### Input material
=== Begin Enclosure ===
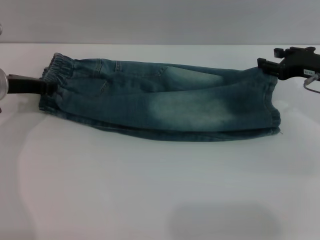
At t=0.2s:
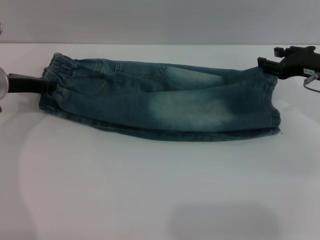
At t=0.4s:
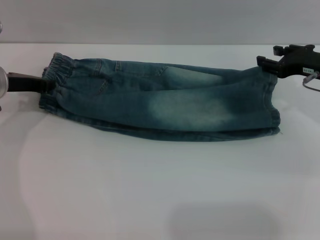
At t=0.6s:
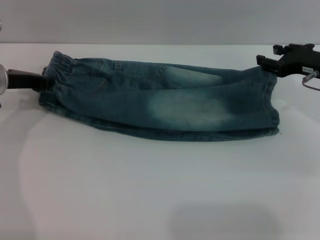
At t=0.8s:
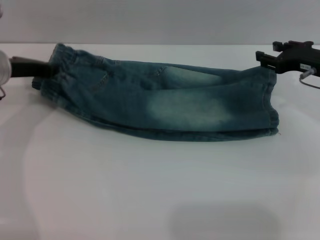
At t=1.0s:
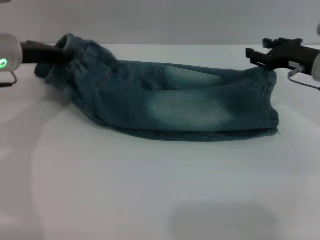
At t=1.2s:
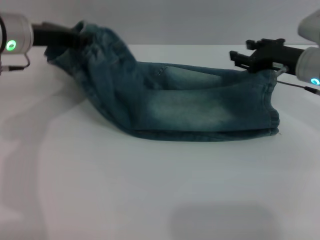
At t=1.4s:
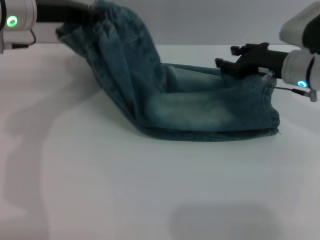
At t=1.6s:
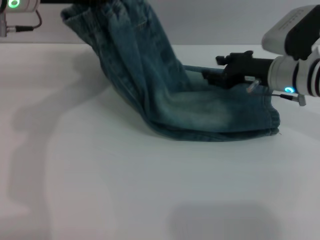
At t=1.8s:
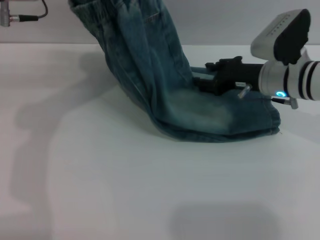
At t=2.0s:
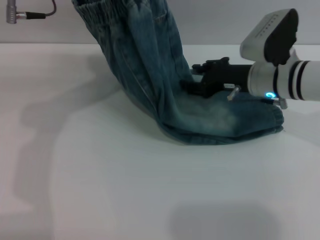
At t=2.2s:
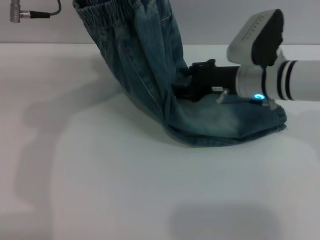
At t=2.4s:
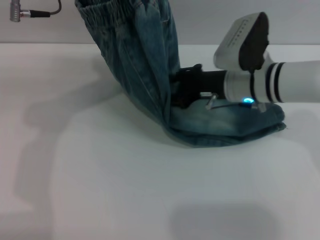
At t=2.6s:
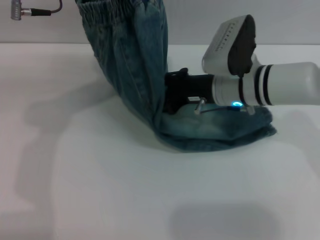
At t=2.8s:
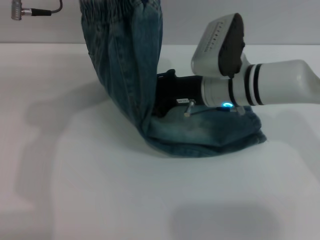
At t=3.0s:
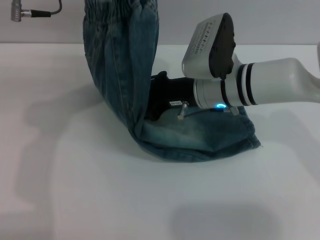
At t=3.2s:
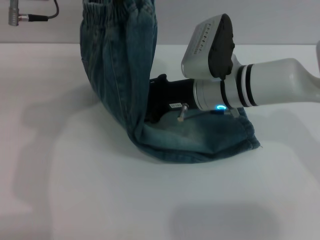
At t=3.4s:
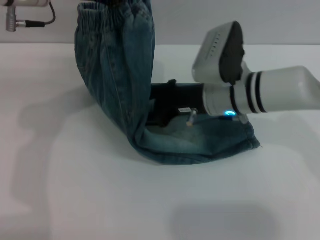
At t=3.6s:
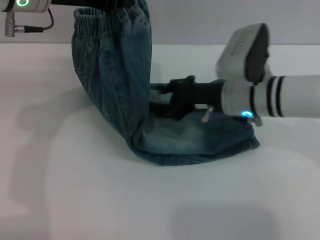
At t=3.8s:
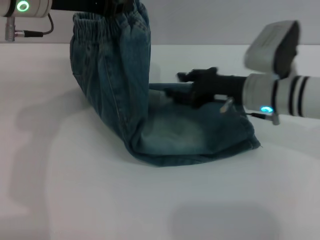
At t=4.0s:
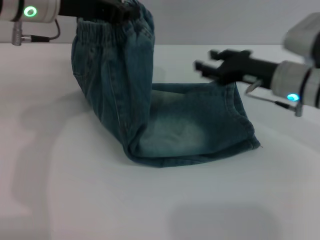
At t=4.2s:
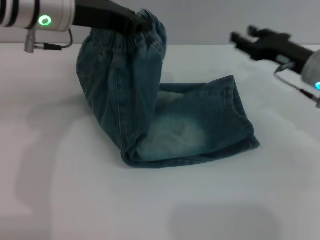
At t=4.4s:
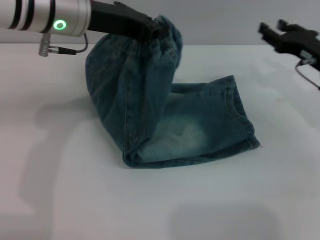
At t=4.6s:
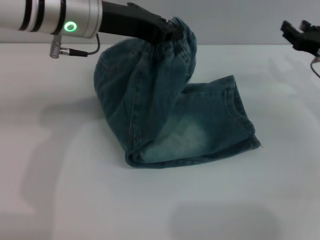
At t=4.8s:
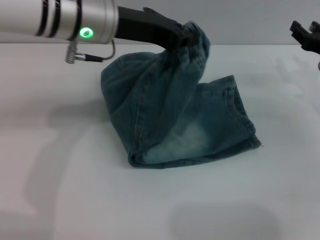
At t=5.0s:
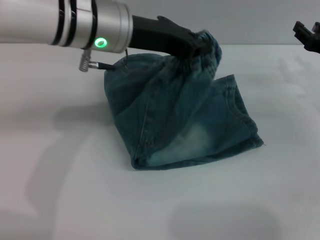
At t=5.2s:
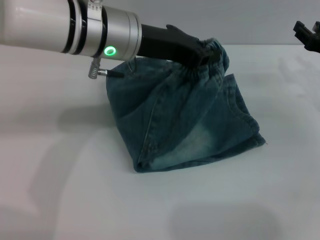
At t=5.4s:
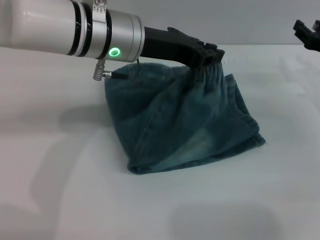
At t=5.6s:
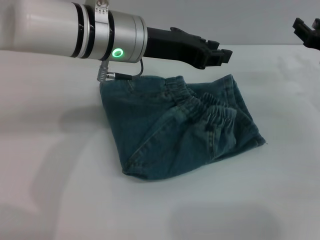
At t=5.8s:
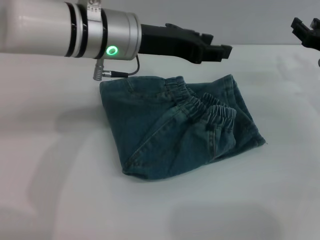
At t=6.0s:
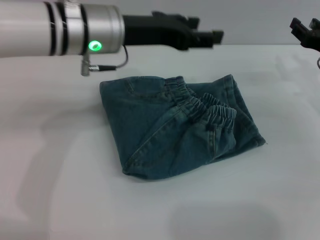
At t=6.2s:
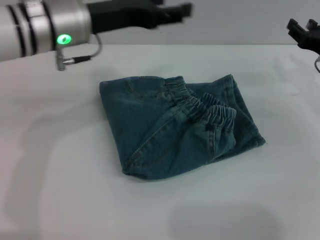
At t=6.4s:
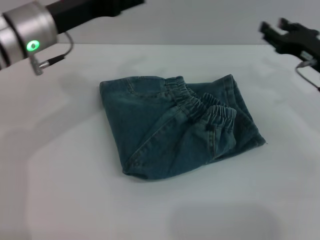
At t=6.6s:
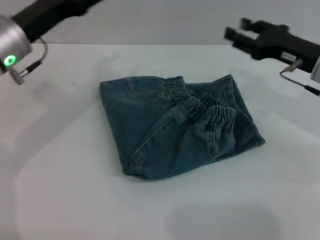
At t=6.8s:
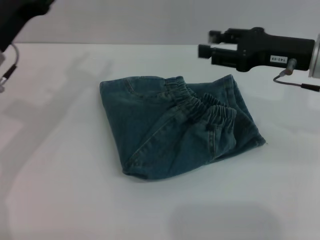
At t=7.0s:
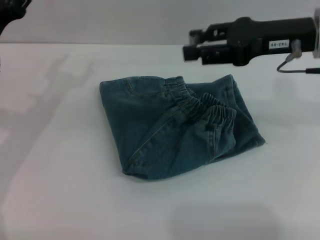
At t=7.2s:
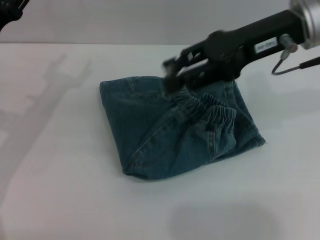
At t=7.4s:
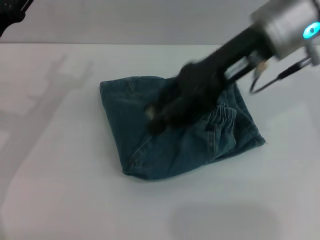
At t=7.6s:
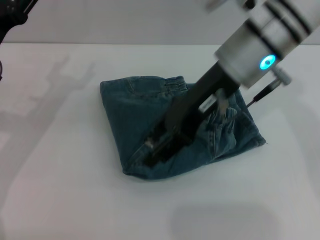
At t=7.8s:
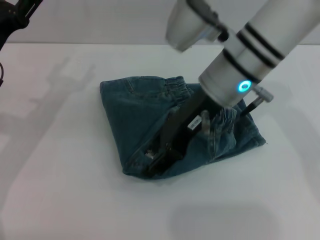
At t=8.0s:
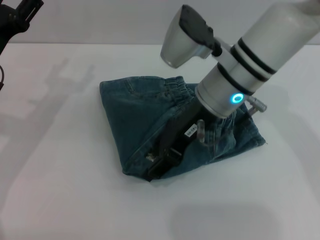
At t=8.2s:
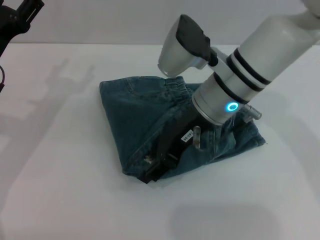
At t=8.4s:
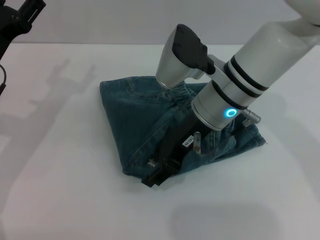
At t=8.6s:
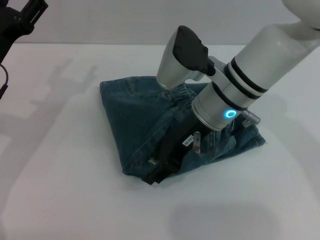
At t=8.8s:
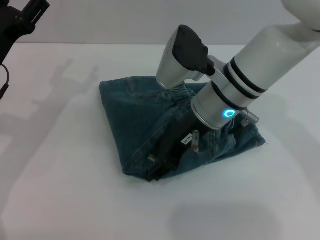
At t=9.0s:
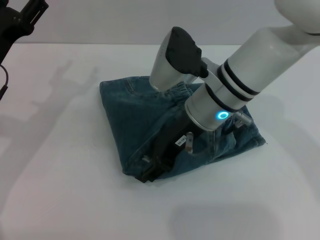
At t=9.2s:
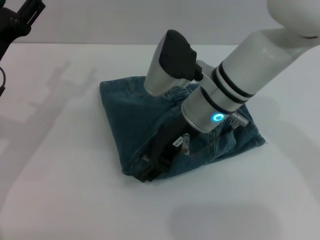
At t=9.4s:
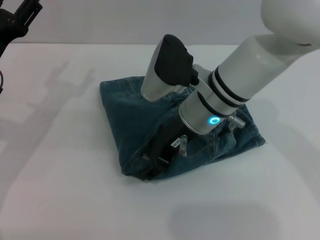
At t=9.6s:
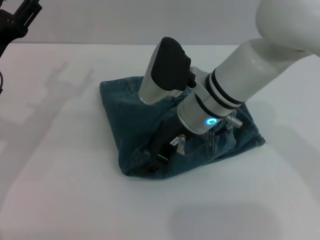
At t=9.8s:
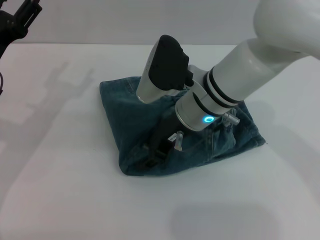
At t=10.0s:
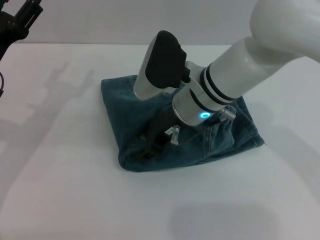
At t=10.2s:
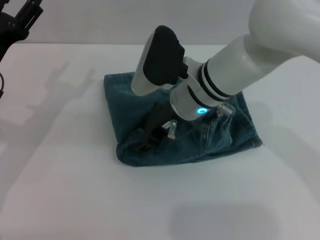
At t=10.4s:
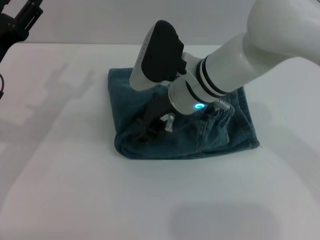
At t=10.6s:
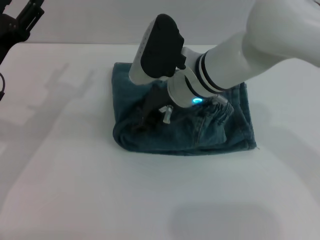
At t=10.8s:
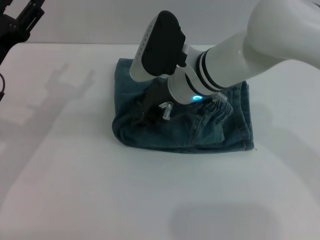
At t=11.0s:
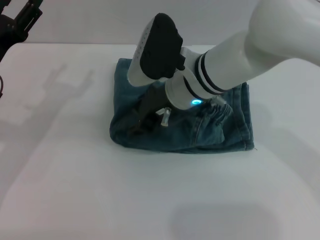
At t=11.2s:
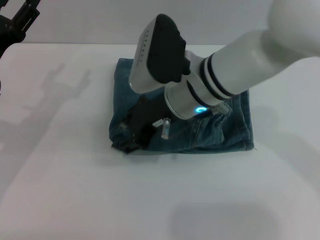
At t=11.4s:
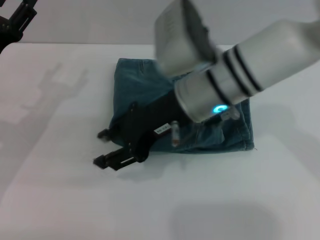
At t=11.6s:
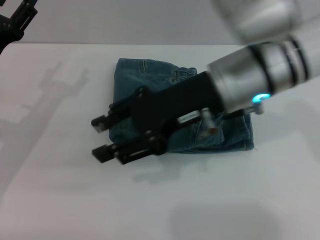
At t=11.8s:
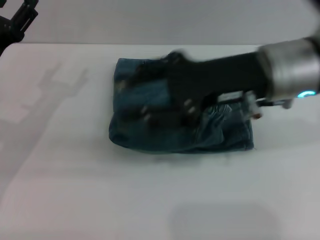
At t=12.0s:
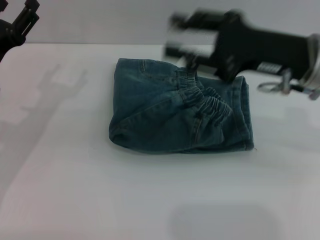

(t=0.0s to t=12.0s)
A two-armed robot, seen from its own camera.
Step, t=0.0s - t=5.8s: Fold the pants from left to right with the left gripper.
Step, t=6.0s - t=11.2s: Place the folded trousers onto the center area with the right grippers.
t=0.0s - t=1.6s: The right gripper travels to the left by approximately 10 cm. The left gripper shifts some 15 cm upward and to the right.
t=1.6s - t=3.0s: The right gripper is displaced to the left by roughly 10 cm.
t=3.0s - t=4.4s: The right gripper moves to the right, about 20 cm.
t=4.4s - t=6.0s: The left gripper opens up.
t=6.0s - t=7.6s: The left gripper is displaced to the left and downward by roughly 20 cm, while the right gripper travels to the left and upward by some 25 cm.
t=7.6s - t=9.0s: The right gripper travels downward by some 10 cm.
t=9.0s - t=10.4s: There are only small adjustments of the grippers.
t=10.4s - t=12.0s: The right gripper shifts some 15 cm to the right and upward.
=== End Enclosure ===
### Instructions for the task
Leave the images out and transcribe the remaining data above word for word.

### Task response
At t=0.2s:
At t=0.4s:
At t=0.6s:
At t=0.8s:
At t=1.0s:
At t=1.2s:
At t=1.4s:
At t=1.6s:
At t=1.8s:
At t=2.0s:
At t=2.2s:
At t=2.4s:
At t=2.6s:
At t=2.8s:
At t=3.0s:
At t=3.2s:
At t=3.4s:
At t=3.6s:
At t=3.8s:
At t=4.0s:
At t=4.2s:
At t=4.4s:
At t=4.6s:
At t=4.8s:
At t=5.0s:
At t=5.2s:
At t=5.4s:
At t=5.6s:
At t=5.8s:
At t=6.0s:
At t=6.2s:
At t=6.4s:
At t=6.6s:
At t=6.8s:
At t=7.0s:
At t=7.2s:
At t=7.4s:
At t=7.6s:
At t=7.8s:
At t=8.0s:
At t=8.2s:
At t=8.4s:
At t=8.6s:
At t=8.8s:
At t=9.0s:
At t=9.2s:
At t=9.4s:
At t=9.6s:
At t=9.8s:
At t=10.0s:
At t=10.2s:
At t=10.4s:
At t=10.6s:
At t=10.8s:
At t=11.0s:
At t=11.2s:
At t=11.4s:
At t=11.6s:
At t=11.8s:
At t=12.0s:

(t=0.0s to t=12.0s)
A two-armed robot, seen from its own camera.
Step, t=0.0s - t=5.8s: Fold the pants from left to right with the left gripper.
Step, t=6.0s - t=11.2s: Place the folded trousers onto the center area with the right grippers.
t=0.0s - t=1.6s: The right gripper travels to the left by approximately 10 cm. The left gripper shifts some 15 cm upward and to the right.
t=1.6s - t=3.0s: The right gripper is displaced to the left by roughly 10 cm.
t=3.0s - t=4.4s: The right gripper moves to the right, about 20 cm.
t=4.4s - t=6.0s: The left gripper opens up.
t=6.0s - t=7.6s: The left gripper is displaced to the left and downward by roughly 20 cm, while the right gripper travels to the left and upward by some 25 cm.
t=7.6s - t=9.0s: The right gripper travels downward by some 10 cm.
t=9.0s - t=10.4s: There are only small adjustments of the grippers.
t=10.4s - t=12.0s: The right gripper shifts some 15 cm to the right and upward.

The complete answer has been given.